1. Ensure there is an ongoing review during each assignment

The individuals involved in the assignment should discuss progress to date and what they could do better before planning the next phase.

2. Conduct a post-assignment review between the team and the client

Whenever possible, a post-assignment review should include the whole team (including the client’s team). When it isn’t possible, the client’s feedback should be discussed by the team and used to determine how to do better next time.

3. Encourage views to be shared on the contribution of each team member, including partners

An open sharing of views is often very difficult in a law firm because of the hierarchies in place. As a result, it is often best to start this process using a structured instrument, like a 360-degree feedback mechanism. The key is to introduce the instrument as a means to help improve the individual’s and firm’s performance. It must never be seen as an opportunity to complain or victimise.

4. Form an agreement on the firm’s values and acceptable behaviour

Agreeing on the firm’s values and what is acceptable behaviour within that framework can be a lengthy task given the need for everyone in the firm to be involved, but it’s a critical one. Without a clear view of what is acceptable, it’s impossible to hold people accountable.
For example, occasionally there are situations when a partner has clearly done something that they shouldn’t have – only for the other partners to ignore what has happened. If firms are really going to change behaviours, everyone must take personal responsibility for helping their colleagues do what is right and to continue to do what is right.

5. Ensure one of the firm’s values is ‘to be the best at everything we do’

Making high performance a reality is key to engaging people with new methods of learning.
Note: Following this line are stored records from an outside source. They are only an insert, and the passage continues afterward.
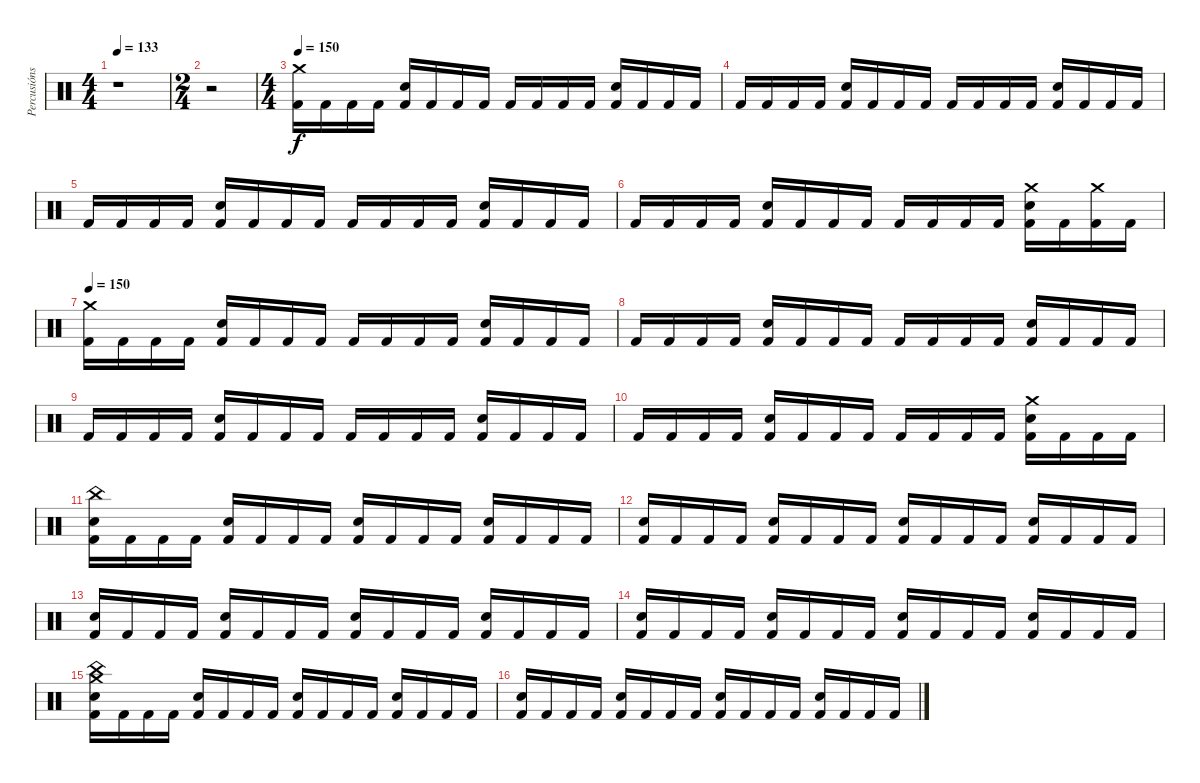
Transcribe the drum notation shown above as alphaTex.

\track ("Percusións" "Percusións") {instrument percussion}
\staff {score}
\articulation defaults
\ts (4 4)
\tempo 133
\clef neutral
\ks c
r.1{dy f} |
\ts (2 4)
r.2 |
\ts (4 4)
\tempo 150
("Crash medium (hit)" "Kick (hit) 2").16 "Kick (hit) 2".16 "Kick (hit) 2".16 "Kick (hit) 2".16 ("Snare (hit) 2" "Kick (hit) 2").16 "Kick (hit) 2".16 "Kick (hit) 2".16 "Kick (hit) 2".16 "Kick (hit) 2".16 "Kick (hit) 2".16 "Kick (hit) 2".16 "Kick (hit) 2".16 ("Snare (hit) 2" "Kick (hit) 2").16 "Kick (hit) 2".16 "Kick (hit) 2".16 "Kick (hit) 2".16 |
"Kick (hit) 2".16 "Kick (hit) 2".16 "Kick (hit) 2".16 "Kick (hit) 2".16 ("Snare (hit) 2" "Kick (hit) 2").16 "Kick (hit) 2".16 "Kick (hit) 2".16 "Kick (hit) 2".16 "Kick (hit) 2".16 "Kick (hit) 2".16 "Kick (hit) 2".16 "Kick (hit) 2".16 ("Snare (hit) 2" "Kick (hit) 2").16 "Kick (hit) 2".16 "Kick (hit) 2".16 "Kick (hit) 2".16 |
"Kick (hit) 2".16 "Kick (hit) 2".16 "Kick (hit) 2".16 "Kick (hit) 2".16 ("Snare (hit) 2" "Kick (hit) 2").16 "Kick (hit) 2".16 "Kick (hit) 2".16 "Kick (hit) 2".16 "Kick (hit) 2".16 "Kick (hit) 2".16 "Kick (hit) 2".16 "Kick (hit) 2".16 ("Snare (hit) 2" "Kick (hit) 2").16 "Kick (hit) 2".16 "Kick (hit) 2".16 "Kick (hit) 2".16 |
"Kick (hit) 2".16 "Kick (hit) 2".16 "Kick (hit) 2".16 "Kick (hit) 2".16 ("Snare (hit) 2" "Kick (hit) 2").16 "Kick (hit) 2".16 "Kick (hit) 2".16 "Kick (hit) 2".16 "Kick (hit) 2".16 "Kick (hit) 2".16 "Kick (hit) 2".16 "Kick (hit) 2".16 ("Crash medium (hit)" "Snare (hit) 2" "Kick (hit) 2").16 "Kick (hit) 2".16 ("Crash medium (hit)" "Kick (hit) 2").16 "Kick (hit) 2".16 |
\tempo 150
("Crash medium (hit)" "Kick (hit) 2").16 "Kick (hit) 2".16 "Kick (hit) 2".16 "Kick (hit) 2".16 ("Snare (hit) 2" "Kick (hit) 2").16 "Kick (hit) 2".16 "Kick (hit) 2".16 "Kick (hit) 2".16 "Kick (hit) 2".16 "Kick (hit) 2".16 "Kick (hit) 2".16 "Kick (hit) 2".16 ("Snare (hit) 2" "Kick (hit) 2").16 "Kick (hit) 2".16 "Kick (hit) 2".16 "Kick (hit) 2".16 |
"Kick (hit) 2".16 "Kick (hit) 2".16 "Kick (hit) 2".16 "Kick (hit) 2".16 ("Snare (hit) 2" "Kick (hit) 2").16 "Kick (hit) 2".16 "Kick (hit) 2".16 "Kick (hit) 2".16 "Kick (hit) 2".16 "Kick (hit) 2".16 "Kick (hit) 2".16 "Kick (hit) 2".16 ("Snare (hit) 2" "Kick (hit) 2").16 "Kick (hit) 2".16 "Kick (hit) 2".16 "Kick (hit) 2".16 |
"Kick (hit) 2".16 "Kick (hit) 2".16 "Kick (hit) 2".16 "Kick (hit) 2".16 ("Snare (hit) 2" "Kick (hit) 2").16 "Kick (hit) 2".16 "Kick (hit) 2".16 "Kick (hit) 2".16 "Kick (hit) 2".16 "Kick (hit) 2".16 "Kick (hit) 2".16 "Kick (hit) 2".16 ("Snare (hit) 2" "Kick (hit) 2").16 "Kick (hit) 2".16 "Kick (hit) 2".16 "Kick (hit) 2".16 |
"Kick (hit) 2".16 "Kick (hit) 2".16 "Kick (hit) 2".16 "Kick (hit) 2".16 ("Snare (hit) 2" "Kick (hit) 2").16 "Kick (hit) 2".16 "Kick (hit) 2".16 "Kick (hit) 2".16 "Kick (hit) 2".16 "Kick (hit) 2".16 "Kick (hit) 2".16 "Kick (hit) 2".16 ("Crash medium (hit)" "Snare (hit) 2" "Kick (hit) 2").16 "Kick (hit) 2".16 "Kick (hit) 2".16 "Kick (hit) 2".16 |
("China (hit)" "Snare (hit) 2" "Kick (hit) 2").16 "Kick (hit) 2".16 "Kick (hit) 2".16 "Kick (hit) 2".16 ("Snare (hit) 2" "Kick (hit) 2").16 "Kick (hit) 2".16 "Kick (hit) 2".16 "Kick (hit) 2".16 ("Snare (hit) 2" "Kick (hit) 2").16 "Kick (hit) 2".16 "Kick (hit) 2".16 "Kick (hit) 2".16 ("Snare (hit) 2" "Kick (hit) 2").16 "Kick (hit) 2".16 "Kick (hit) 2".16 "Kick (hit) 2".16 |
("Snare (hit) 2" "Kick (hit) 2").16 "Kick (hit) 2".16 "Kick (hit) 2".16 "Kick (hit) 2".16 ("Snare (hit) 2" "Kick (hit) 2").16 "Kick (hit) 2".16 "Kick (hit) 2".16 "Kick (hit) 2".16 ("Snare (hit) 2" "Kick (hit) 2").16 "Kick (hit) 2".16 "Kick (hit) 2".16 "Kick (hit) 2".16 ("Snare (hit) 2" "Kick (hit) 2").16 "Kick (hit) 2".16 "Kick (hit) 2".16 "Kick (hit) 2".16 |
("Snare (hit) 2" "Kick (hit) 2").16 "Kick (hit) 2".16 "Kick (hit) 2".16 "Kick (hit) 2".16 ("Snare (hit) 2" "Kick (hit) 2").16 "Kick (hit) 2".16 "Kick (hit) 2".16 "Kick (hit) 2".16 ("Snare (hit) 2" "Kick (hit) 2").16 "Kick (hit) 2".16 "Kick (hit) 2".16 "Kick (hit) 2".16 ("Snare (hit) 2" "Kick (hit) 2").16 "Kick (hit) 2".16 "Kick (hit) 2".16 "Kick (hit) 2".16 |
("Snare (hit) 2" "Kick (hit) 2").16 "Kick (hit) 2".16 "Kick (hit) 2".16 "Kick (hit) 2".16 ("Snare (hit) 2" "Kick (hit) 2").16 "Kick (hit) 2".16 "Kick (hit) 2".16 "Kick (hit) 2".16 ("Snare (hit) 2" "Kick (hit) 2").16 "Kick (hit) 2".16 "Kick (hit) 2".16 "Kick (hit) 2".16 ("Snare (hit) 2" "Kick (hit) 2").16 "Kick (hit) 2".16 "Kick (hit) 2".16 "Kick (hit) 2".16 |
("Crash medium (hit)" "China (hit)" "Snare (hit) 2" "Kick (hit) 2").16 "Kick (hit) 2".16 "Kick (hit) 2".16 "Kick (hit) 2".16 ("Snare (hit) 2" "Kick (hit) 2").16 "Kick (hit) 2".16 "Kick (hit) 2".16 "Kick (hit) 2".16 ("Snare (hit) 2" "Kick (hit) 2").16 "Kick (hit) 2".16 "Kick (hit) 2".16 "Kick (hit) 2".16 ("Snare (hit) 2" "Kick (hit) 2").16 "Kick (hit) 2".16 "Kick (hit) 2".16 "Kick (hit) 2".16 |
("Snare (hit) 2" "Kick (hit) 2").16 "Kick (hit) 2".16 "Kick (hit) 2".16 "Kick (hit) 2".16 ("Snare (hit) 2" "Kick (hit) 2").16 "Kick (hit) 2".16 "Kick (hit) 2".16 "Kick (hit) 2".16 ("Snare (hit) 2" "Kick (hit) 2").16 "Kick (hit) 2".16 "Kick (hit) 2".16 "Kick (hit) 2".16 ("Snare (hit) 2" "Kick (hit) 2").16 "Kick (hit) 2".16 "Kick (hit) 2".16 "Kick (hit) 2".16

One way to achieve that is to get appropriate teams together to decide what ‘the best’ means for them and then, critically, to get that best practice communicated as quickly as possible to save people from reinventing the wheel.

There is also something symbolic about speed. Speed is a driver of change, of doing things now, not later. A willingness to accept second best is severely challenged in firms incorporate speed into their vocabulary and behaviour. Speed drives an impatience, an unwillingness to tolerate the mediocre.

6. Conduct an annual appraisal of each individual’s professional development plans

How individuals are going to enhance their capabilities should be a part of annual appraisal meetings. Each individual should have to answer the following questions (which were first posed by management expert David Maister):

  • In what way are you personally more valuable in the marketplace than last year?
  • What are your plans to make yourself more valuable in the marketplace?
  • What specific skills do you plan to acquire or enhance in the next year?

7. Ensure people attending conferences or training programmes report back

After attending conferences or training programmes, people should share what they have seen, heard and understood with other people in the firm, who would benefit.

8. Discuss the purpose of the training programme and how to apply the learning

Put in place a process to ensure that, before people attend a structured training programme, they have a conversation about its purpose. After the training, they should discuss what they have learned and how they will apply the learning.

Institutionalising learning

Our work over the past 20 years with firms across the world has continually demonstrated that those firms in which people actively reflect on what they do and, critically, learn from it (and make sure others do, too) are more successful than those that don’t. In short, informal learning is institutionalised and being the best drives what they do.

Rob’s research into what differentiates truly successful managing partners from their peers has identified a drive to be the best as one of the true differentiators. To us, it’s a ‘no-brainer’. It should also be to every managing partner, in every firm, everywhere.